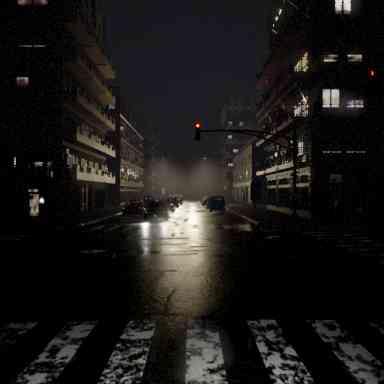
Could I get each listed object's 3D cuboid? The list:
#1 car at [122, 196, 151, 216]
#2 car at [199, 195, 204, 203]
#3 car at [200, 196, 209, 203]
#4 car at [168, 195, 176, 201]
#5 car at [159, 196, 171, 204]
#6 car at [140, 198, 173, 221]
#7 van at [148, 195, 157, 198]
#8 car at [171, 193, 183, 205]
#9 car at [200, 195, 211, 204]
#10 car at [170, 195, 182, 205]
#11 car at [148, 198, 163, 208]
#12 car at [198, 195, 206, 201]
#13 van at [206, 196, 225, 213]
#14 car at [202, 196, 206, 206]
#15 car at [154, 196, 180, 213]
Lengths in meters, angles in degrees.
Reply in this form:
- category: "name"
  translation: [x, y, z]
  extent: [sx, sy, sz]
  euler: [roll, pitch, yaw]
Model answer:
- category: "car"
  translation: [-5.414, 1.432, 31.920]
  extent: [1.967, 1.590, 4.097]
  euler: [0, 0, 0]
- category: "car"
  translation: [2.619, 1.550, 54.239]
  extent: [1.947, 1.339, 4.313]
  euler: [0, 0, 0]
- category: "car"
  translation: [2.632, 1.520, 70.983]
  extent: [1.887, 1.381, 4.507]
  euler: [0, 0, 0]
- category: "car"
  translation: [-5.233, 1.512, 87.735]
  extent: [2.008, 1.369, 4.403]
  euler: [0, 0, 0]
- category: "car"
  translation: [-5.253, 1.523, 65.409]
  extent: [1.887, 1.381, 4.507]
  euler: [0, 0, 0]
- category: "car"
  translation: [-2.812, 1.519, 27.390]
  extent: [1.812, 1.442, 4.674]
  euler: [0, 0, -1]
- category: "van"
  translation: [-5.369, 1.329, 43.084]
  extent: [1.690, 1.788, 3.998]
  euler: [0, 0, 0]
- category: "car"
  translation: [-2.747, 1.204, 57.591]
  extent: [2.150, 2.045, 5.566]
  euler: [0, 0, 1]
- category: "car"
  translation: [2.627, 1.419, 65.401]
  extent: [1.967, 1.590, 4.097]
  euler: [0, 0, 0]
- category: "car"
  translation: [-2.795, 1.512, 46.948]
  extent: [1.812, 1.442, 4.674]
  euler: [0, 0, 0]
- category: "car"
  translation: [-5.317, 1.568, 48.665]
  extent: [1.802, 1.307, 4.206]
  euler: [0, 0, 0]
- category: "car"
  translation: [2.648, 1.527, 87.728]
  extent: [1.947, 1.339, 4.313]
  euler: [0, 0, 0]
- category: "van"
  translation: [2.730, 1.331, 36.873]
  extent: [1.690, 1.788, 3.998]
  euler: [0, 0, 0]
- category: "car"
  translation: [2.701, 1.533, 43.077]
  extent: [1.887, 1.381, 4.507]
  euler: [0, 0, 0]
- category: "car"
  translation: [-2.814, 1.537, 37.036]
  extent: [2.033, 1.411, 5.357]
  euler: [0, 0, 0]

..............................

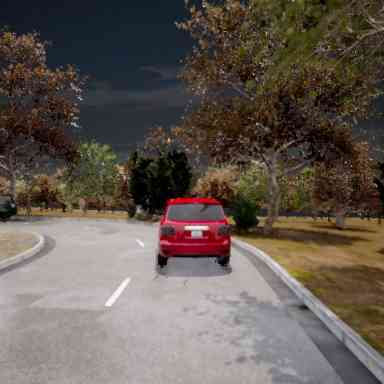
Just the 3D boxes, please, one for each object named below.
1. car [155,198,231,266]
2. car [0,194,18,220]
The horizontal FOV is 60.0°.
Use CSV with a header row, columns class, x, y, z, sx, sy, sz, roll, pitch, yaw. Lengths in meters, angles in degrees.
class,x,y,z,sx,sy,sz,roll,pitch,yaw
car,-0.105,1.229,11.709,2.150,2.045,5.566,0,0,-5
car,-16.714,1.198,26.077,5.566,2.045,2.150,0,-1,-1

..............................

**WHAT YOU SHOULD DO**: Given the records above, reproduce precisely and only the lines between the line holding "#5 car at [159, 196, 171, 204]" and the line holding "#13 van at [206, 196, 225, 213]", inclusive.

**COMPLETED TASK**:
#5 car at [159, 196, 171, 204]
#6 car at [140, 198, 173, 221]
#7 van at [148, 195, 157, 198]
#8 car at [171, 193, 183, 205]
#9 car at [200, 195, 211, 204]
#10 car at [170, 195, 182, 205]
#11 car at [148, 198, 163, 208]
#12 car at [198, 195, 206, 201]
#13 van at [206, 196, 225, 213]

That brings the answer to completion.